How Hunstein and Tax Code Changes Are Impacting ARM M&A Market

Even the Hunstein ruling out of the Eleventh Circuit Court of Appeals will likely not be able to dampen enthusiasm for investors and others that are interested in merger and acquisition activity in the accounts receivable management industry, noted Michael Lamm of Corporate Advisory Solutions in the latest episode of “ARM M&A Deal Talk.” In fact, changes that are likely coming to the tax code may make it more advantageous for owners looking to sell all or part of their businesses to do so now rather than later, Lamm said.

“If you’re an owner of a company — a debt collection business or law firm or debt buyer — and you’re contemplating selling the business over the next three to five years, and if you could sell it at the capital gains rate that are in the 20s versus paying close to 40% maybe this time next year, it’s a pretty significant jump up in terms of how much you’re paying Uncle Sam at closing versus what you could do beforehand,” Lamm said during the episode. “So I think we’re gonna see a lot of deals being pushed to get done before yearend is my guess, unless there’s some major change, [such as] Congress not making the law change.”
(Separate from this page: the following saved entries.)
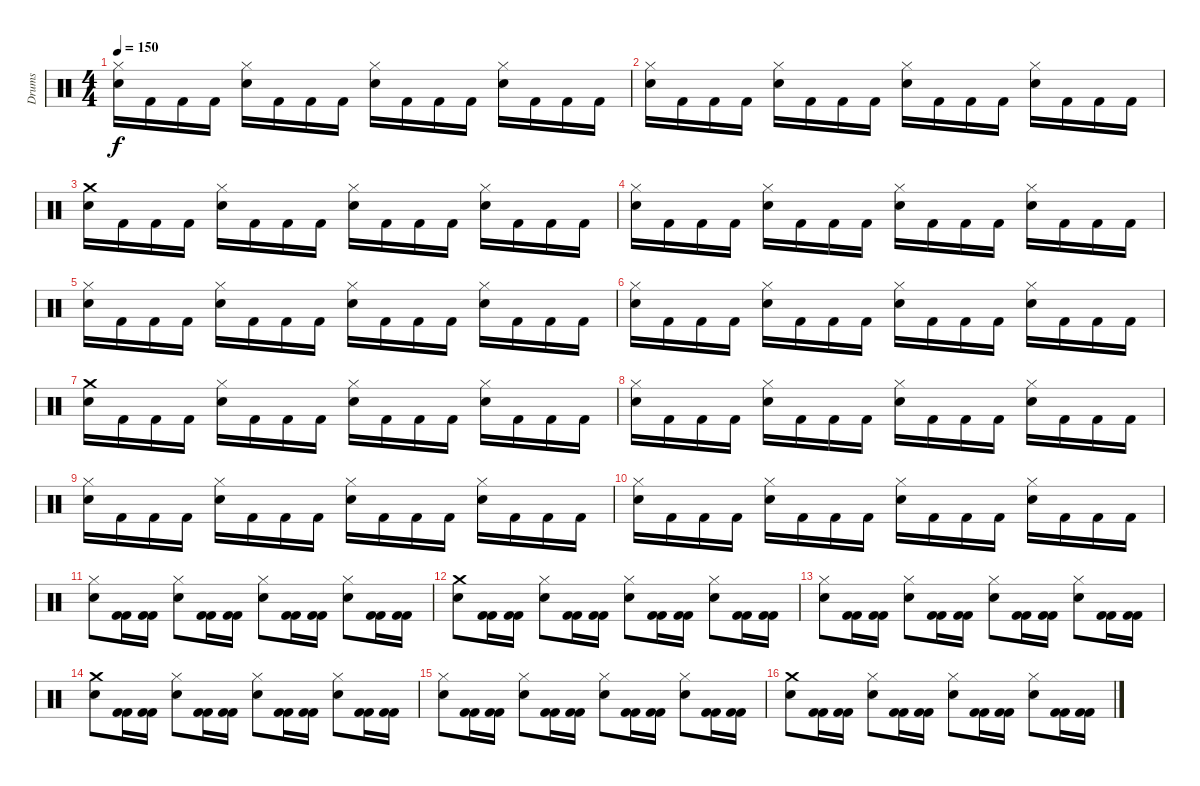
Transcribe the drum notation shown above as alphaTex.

\track ("Drums" "Drums") {instrument percussion}
\staff {score}
\articulation defaults
\ts (4 4)
\tempo 150
\clef neutral
\ks c
("Hi-Hat (closed)" "Electric Snare (hit)").16{dy f} "Kick (hit) 2".16 "Kick (hit) 2".16 "Kick (hit) 2".16 ("Electric Snare (hit)" "Hi-Hat (closed)").16 "Kick (hit) 2".16 "Kick (hit) 2".16 "Kick (hit) 2".16 ("Electric Snare (hit)" "Hi-Hat (closed)").16 "Kick (hit) 2".16 "Kick (hit) 2".16 "Kick (hit) 2".16 ("Hi-Hat (closed)" "Electric Snare (hit)").16 "Kick (hit) 2".16 "Kick (hit) 2".16 "Kick (hit) 2".16 |
("Hi-Hat (closed)" "Electric Snare (hit)").16 "Kick (hit) 2".16 "Kick (hit) 2".16 "Kick (hit) 2".16 ("Electric Snare (hit)" "Hi-Hat (closed)").16 "Kick (hit) 2".16 "Kick (hit) 2".16 "Kick (hit) 2".16 ("Electric Snare (hit)" "Hi-Hat (closed)").16 "Kick (hit) 2".16 "Kick (hit) 2".16 "Kick (hit) 2".16 ("Hi-Hat (closed)" "Electric Snare (hit)").16 "Kick (hit) 2".16 "Kick (hit) 2".16 "Kick (hit) 2".16 |
("Crash medium (hit)" "Electric Snare (hit)").16 "Kick (hit) 2".16 "Kick (hit) 2".16 "Kick (hit) 2".16 ("Electric Snare (hit)" "Hi-Hat (closed)").16 "Kick (hit) 2".16 "Kick (hit) 2".16 "Kick (hit) 2".16 ("Electric Snare (hit)" "Hi-Hat (closed)").16 "Kick (hit) 2".16 "Kick (hit) 2".16 "Kick (hit) 2".16 ("Hi-Hat (closed)" "Electric Snare (hit)").16 "Kick (hit) 2".16 "Kick (hit) 2".16 "Kick (hit) 2".16 |
("Hi-Hat (closed)" "Electric Snare (hit)").16 "Kick (hit) 2".16 "Kick (hit) 2".16 "Kick (hit) 2".16 ("Electric Snare (hit)" "Hi-Hat (closed)").16 "Kick (hit) 2".16 "Kick (hit) 2".16 "Kick (hit) 2".16 ("Electric Snare (hit)" "Hi-Hat (closed)").16 "Kick (hit) 2".16 "Kick (hit) 2".16 "Kick (hit) 2".16 ("Hi-Hat (closed)" "Electric Snare (hit)").16 "Kick (hit) 2".16 "Kick (hit) 2".16 "Kick (hit) 2".16 |
("Hi-Hat (closed)" "Electric Snare (hit)").16 "Kick (hit) 2".16 "Kick (hit) 2".16 "Kick (hit) 2".16 ("Electric Snare (hit)" "Hi-Hat (closed)").16 "Kick (hit) 2".16 "Kick (hit) 2".16 "Kick (hit) 2".16 ("Electric Snare (hit)" "Hi-Hat (closed)").16 "Kick (hit) 2".16 "Kick (hit) 2".16 "Kick (hit) 2".16 ("Hi-Hat (closed)" "Electric Snare (hit)").16 "Kick (hit) 2".16 "Kick (hit) 2".16 "Kick (hit) 2".16 |
("Hi-Hat (closed)" "Electric Snare (hit)").16 "Kick (hit) 2".16 "Kick (hit) 2".16 "Kick (hit) 2".16 ("Electric Snare (hit)" "Hi-Hat (closed)").16 "Kick (hit) 2".16 "Kick (hit) 2".16 "Kick (hit) 2".16 ("Electric Snare (hit)" "Hi-Hat (closed)").16 "Kick (hit) 2".16 "Kick (hit) 2".16 "Kick (hit) 2".16 ("Hi-Hat (closed)" "Electric Snare (hit)").16 "Kick (hit) 2".16 "Kick (hit) 2".16 "Kick (hit) 2".16 |
("Crash medium (hit)" "Electric Snare (hit)").16 "Kick (hit) 2".16 "Kick (hit) 2".16 "Kick (hit) 2".16 ("Electric Snare (hit)" "Hi-Hat (closed)").16 "Kick (hit) 2".16 "Kick (hit) 2".16 "Kick (hit) 2".16 ("Electric Snare (hit)" "Hi-Hat (closed)").16 "Kick (hit) 2".16 "Kick (hit) 2".16 "Kick (hit) 2".16 ("Hi-Hat (closed)" "Electric Snare (hit)").16 "Kick (hit) 2".16 "Kick (hit) 2".16 "Kick (hit) 2".16 |
("Hi-Hat (closed)" "Electric Snare (hit)").16 "Kick (hit) 2".16 "Kick (hit) 2".16 "Kick (hit) 2".16 ("Electric Snare (hit)" "Hi-Hat (closed)").16 "Kick (hit) 2".16 "Kick (hit) 2".16 "Kick (hit) 2".16 ("Electric Snare (hit)" "Hi-Hat (closed)").16 "Kick (hit) 2".16 "Kick (hit) 2".16 "Kick (hit) 2".16 ("Hi-Hat (closed)" "Electric Snare (hit)").16 "Kick (hit) 2".16 "Kick (hit) 2".16 "Kick (hit) 2".16 |
("Hi-Hat (closed)" "Electric Snare (hit)").16 "Kick (hit) 2".16 "Kick (hit) 2".16 "Kick (hit) 2".16 ("Electric Snare (hit)" "Hi-Hat (closed)").16 "Kick (hit) 2".16 "Kick (hit) 2".16 "Kick (hit) 2".16 ("Electric Snare (hit)" "Hi-Hat (closed)").16 "Kick (hit) 2".16 "Kick (hit) 2".16 "Kick (hit) 2".16 ("Hi-Hat (closed)" "Electric Snare (hit)").16 "Kick (hit) 2".16 "Kick (hit) 2".16 "Kick (hit) 2".16 |
("Hi-Hat (closed)" "Electric Snare (hit)").16 "Kick (hit) 2".16 "Kick (hit) 2".16 "Kick (hit) 2".16 ("Electric Snare (hit)" "Hi-Hat (closed)").16 "Kick (hit) 2".16 "Kick (hit) 2".16 "Kick (hit) 2".16 ("Electric Snare (hit)" "Hi-Hat (closed)").16 "Kick (hit) 2".16 "Kick (hit) 2".16 "Kick (hit) 2".16 ("Hi-Hat (closed)" "Electric Snare (hit)").16 "Kick (hit) 2".16 "Kick (hit) 2".16 "Kick (hit) 2".16 |
("Hi-Hat (closed)" "Electric Snare (hit)").8 ("Kick (hit) 2" "Kick (hit) 2").16 ("Kick (hit) 2" "Kick (hit) 2").16 ("Electric Snare (hit)" "Hi-Hat (closed)").8 ("Kick (hit) 2" "Kick (hit) 2").16 ("Kick (hit) 2" "Kick (hit) 2").16 ("Electric Snare (hit)" "Hi-Hat (closed)").8 ("Kick (hit) 2" "Kick (hit) 2").16 ("Kick (hit) 2" "Kick (hit) 2").16 ("Hi-Hat (closed)" "Electric Snare (hit)").8 ("Kick (hit) 2" "Kick (hit) 2").16 ("Kick (hit) 2" "Kick (hit) 2").16 |
("Crash medium (hit)" "Electric Snare (hit)").8 ("Kick (hit) 2" "Kick (hit) 2").16 ("Kick (hit) 2" "Kick (hit) 2").16 ("Electric Snare (hit)" "Hi-Hat (closed)").8 ("Kick (hit) 2" "Kick (hit) 2").16 ("Kick (hit) 2" "Kick (hit) 2").16 ("Electric Snare (hit)" "Hi-Hat (closed)").8 ("Kick (hit) 2" "Kick (hit) 2").16 ("Kick (hit) 2" "Kick (hit) 2").16 ("Hi-Hat (closed)" "Electric Snare (hit)").8 ("Kick (hit) 2" "Kick (hit) 2").16 ("Kick (hit) 2" "Kick (hit) 2").16 |
("Hi-Hat (closed)" "Electric Snare (hit)").8 ("Kick (hit) 2" "Kick (hit) 2").16 ("Kick (hit) 2" "Kick (hit) 2").16 ("Electric Snare (hit)" "Hi-Hat (closed)").8 ("Kick (hit) 2" "Kick (hit) 2").16 ("Kick (hit) 2" "Kick (hit) 2").16 ("Electric Snare (hit)" "Hi-Hat (closed)").8 ("Kick (hit) 2" "Kick (hit) 2").16 ("Kick (hit) 2" "Kick (hit) 2").16 ("Hi-Hat (closed)" "Electric Snare (hit)").8 ("Kick (hit) 2" "Kick (hit) 2").16 ("Kick (hit) 2" "Kick (hit) 2").16 |
("Crash medium (hit)" "Electric Snare (hit)").8 ("Kick (hit) 2" "Kick (hit) 2").16 ("Kick (hit) 2" "Kick (hit) 2").16 ("Electric Snare (hit)" "Hi-Hat (closed)").8 ("Kick (hit) 2" "Kick (hit) 2").16 ("Kick (hit) 2" "Kick (hit) 2").16 ("Electric Snare (hit)" "Hi-Hat (closed)").8 ("Kick (hit) 2" "Kick (hit) 2").16 ("Kick (hit) 2" "Kick (hit) 2").16 ("Hi-Hat (closed)" "Electric Snare (hit)").8 ("Kick (hit) 2" "Kick (hit) 2").16 ("Kick (hit) 2" "Kick (hit) 2").16 |
("Hi-Hat (closed)" "Electric Snare (hit)").8 ("Kick (hit) 2" "Kick (hit) 2").16 ("Kick (hit) 2" "Kick (hit) 2").16 ("Electric Snare (hit)" "Hi-Hat (closed)").8 ("Kick (hit) 2" "Kick (hit) 2").16 ("Kick (hit) 2" "Kick (hit) 2").16 ("Electric Snare (hit)" "Hi-Hat (closed)").8 ("Kick (hit) 2" "Kick (hit) 2").16 ("Kick (hit) 2" "Kick (hit) 2").16 ("Hi-Hat (closed)" "Electric Snare (hit)").8 ("Kick (hit) 2" "Kick (hit) 2").16 ("Kick (hit) 2" "Kick (hit) 2").16 |
("Crash medium (hit)" "Electric Snare (hit)").8 ("Kick (hit) 2" "Kick (hit) 2").16 ("Kick (hit) 2" "Kick (hit) 2").16 ("Electric Snare (hit)" "Hi-Hat (closed)").8 ("Kick (hit) 2" "Kick (hit) 2").16 ("Kick (hit) 2" "Kick (hit) 2").16 ("Electric Snare (hit)" "Hi-Hat (closed)").8 ("Kick (hit) 2" "Kick (hit) 2").16 ("Kick (hit) 2" "Kick (hit) 2").16 ("Hi-Hat (closed)" "Electric Snare (hit)").8 ("Kick (hit) 2" "Kick (hit) 2").16 ("Kick (hit) 2" "Kick (hit) 2").16
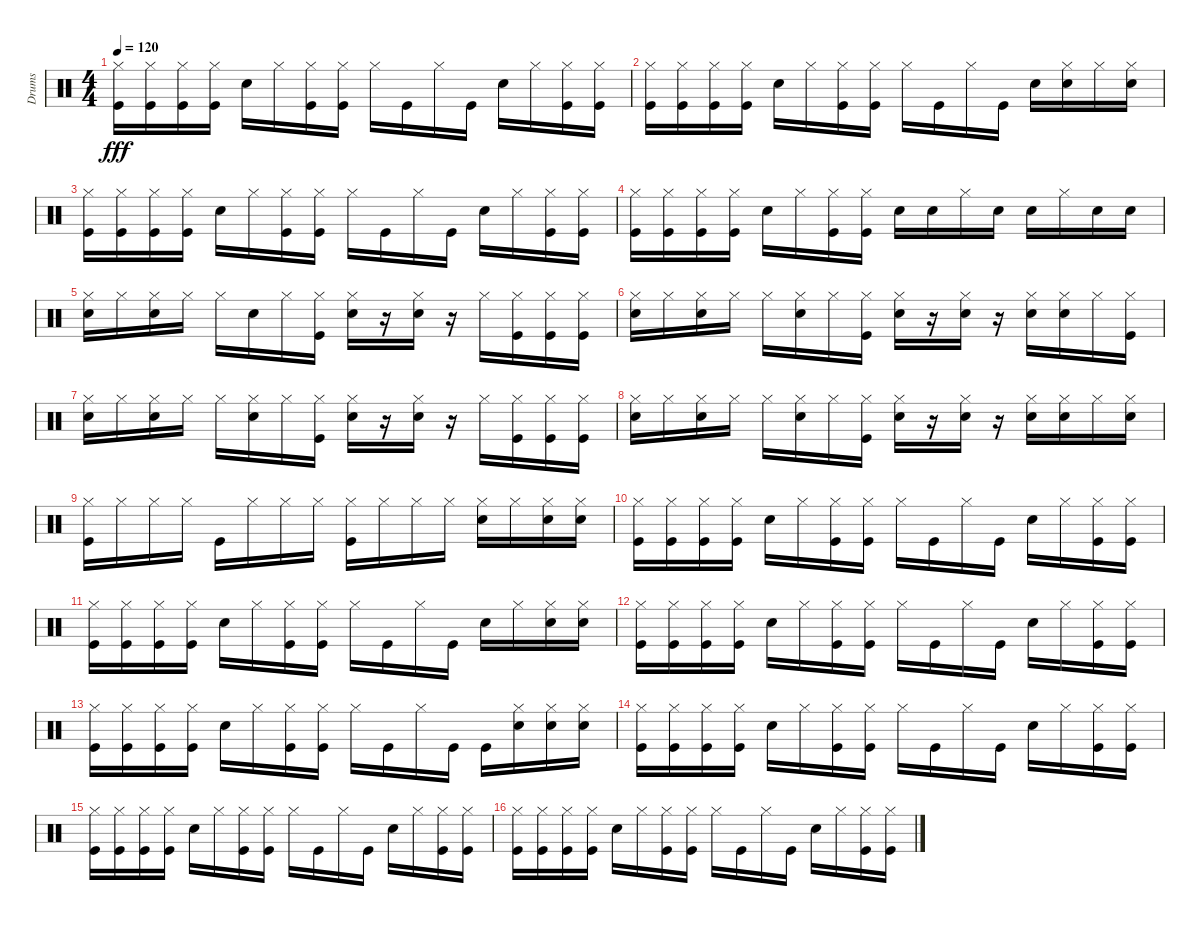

Lamm said his office has been fielding calls from companies looking to buy or invest in letter vendors in response to the Hunstein ruling out of the Eleventh Circuit, and Lamm said they are advising companies not to make any rash decisions. “This has got to just simmer down for a little bit,” Lamm said. “The world isn’t ending, collections isn’t going to cease, there’s still going to be a process. Let’s just wait a little bit and see how things progress on the legal front, and that’s what we’ve been urging people to do is not go out and start buying print mail equipment or buying a letter vendor.”

EDITOR’S NOTE: Have you checked out’s Hunstein Resource Guide? It includes recordings of all Hunstein-related webinars and a list of all the copycat lawsuits that have been filed across the country.

If there is one constant in the ARM industry, it’s change. And even though there may be some scary changes on the horizon, the industry has always adapted and evolved, Lamm said. “I’ve been doing M&A and valuation work in this industry for close to 20 years now, and literally I’m just never surprised anymore with the things that are happening,” he said.